## PROBLEM
In the entries below, find the line containing "Meters and whole" and the line containing "You are a spatial". Copy those two lines and everything between them exactly, and only that.

## RECORD SET
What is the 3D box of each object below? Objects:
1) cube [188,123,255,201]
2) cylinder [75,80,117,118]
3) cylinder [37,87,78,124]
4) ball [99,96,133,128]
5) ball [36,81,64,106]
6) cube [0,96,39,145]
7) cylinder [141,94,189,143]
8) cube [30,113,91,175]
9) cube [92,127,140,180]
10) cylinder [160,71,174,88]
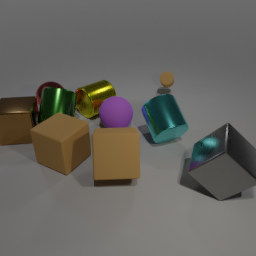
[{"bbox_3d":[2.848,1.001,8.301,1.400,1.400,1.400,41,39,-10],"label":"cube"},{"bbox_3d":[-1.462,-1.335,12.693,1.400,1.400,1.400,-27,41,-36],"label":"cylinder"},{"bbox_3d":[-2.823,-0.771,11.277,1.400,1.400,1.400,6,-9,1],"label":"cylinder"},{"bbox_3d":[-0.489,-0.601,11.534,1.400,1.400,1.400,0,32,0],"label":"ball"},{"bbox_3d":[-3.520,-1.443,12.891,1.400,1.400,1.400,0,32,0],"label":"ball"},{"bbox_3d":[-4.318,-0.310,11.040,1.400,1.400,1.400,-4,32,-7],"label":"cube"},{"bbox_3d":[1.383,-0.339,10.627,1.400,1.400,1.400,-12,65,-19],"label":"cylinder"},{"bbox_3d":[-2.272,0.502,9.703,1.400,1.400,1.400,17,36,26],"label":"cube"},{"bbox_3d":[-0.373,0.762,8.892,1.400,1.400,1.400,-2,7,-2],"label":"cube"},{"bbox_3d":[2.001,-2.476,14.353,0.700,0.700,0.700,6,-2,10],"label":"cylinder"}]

...

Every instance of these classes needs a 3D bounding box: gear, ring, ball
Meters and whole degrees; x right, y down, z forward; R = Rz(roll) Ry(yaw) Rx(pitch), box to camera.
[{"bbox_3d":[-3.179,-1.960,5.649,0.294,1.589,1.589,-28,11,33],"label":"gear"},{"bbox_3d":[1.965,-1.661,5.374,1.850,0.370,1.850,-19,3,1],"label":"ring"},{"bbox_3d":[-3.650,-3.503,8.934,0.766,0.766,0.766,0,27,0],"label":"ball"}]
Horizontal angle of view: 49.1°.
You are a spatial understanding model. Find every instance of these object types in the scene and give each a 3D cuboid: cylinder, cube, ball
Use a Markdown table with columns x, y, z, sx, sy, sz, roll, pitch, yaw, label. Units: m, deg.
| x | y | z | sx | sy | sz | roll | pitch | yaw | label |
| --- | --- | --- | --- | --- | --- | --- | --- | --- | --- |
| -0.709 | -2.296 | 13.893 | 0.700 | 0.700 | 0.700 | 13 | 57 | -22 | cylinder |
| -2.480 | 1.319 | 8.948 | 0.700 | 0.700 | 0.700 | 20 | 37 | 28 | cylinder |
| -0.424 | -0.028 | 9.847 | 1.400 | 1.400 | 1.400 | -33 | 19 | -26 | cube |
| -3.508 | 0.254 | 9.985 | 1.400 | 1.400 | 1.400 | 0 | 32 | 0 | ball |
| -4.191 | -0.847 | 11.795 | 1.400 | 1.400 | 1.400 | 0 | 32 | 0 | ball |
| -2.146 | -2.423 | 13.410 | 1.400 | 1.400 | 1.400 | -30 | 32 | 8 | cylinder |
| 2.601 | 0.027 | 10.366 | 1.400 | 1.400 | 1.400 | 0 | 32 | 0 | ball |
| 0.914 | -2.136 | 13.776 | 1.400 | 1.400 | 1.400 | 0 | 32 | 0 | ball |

## WRITTEN SOLUTION
Meters and whole degrees; x right, y down, z forward; R = Rz(roll) Ry(yaw) Rx(pitch), box to camera.
[{"bbox_3d":[-3.179,-1.960,5.649,0.294,1.589,1.589,-28,11,33],"label":"gear"},{"bbox_3d":[1.965,-1.661,5.374,1.850,0.370,1.850,-19,3,1],"label":"ring"},{"bbox_3d":[-3.650,-3.503,8.934,0.766,0.766,0.766,0,27,0],"label":"ball"}]
Horizontal angle of view: 49.1°.
You are a spatial understanding model. Find every instance of these object types in the scene and give each a 3D cuboid: cylinder, cube, ball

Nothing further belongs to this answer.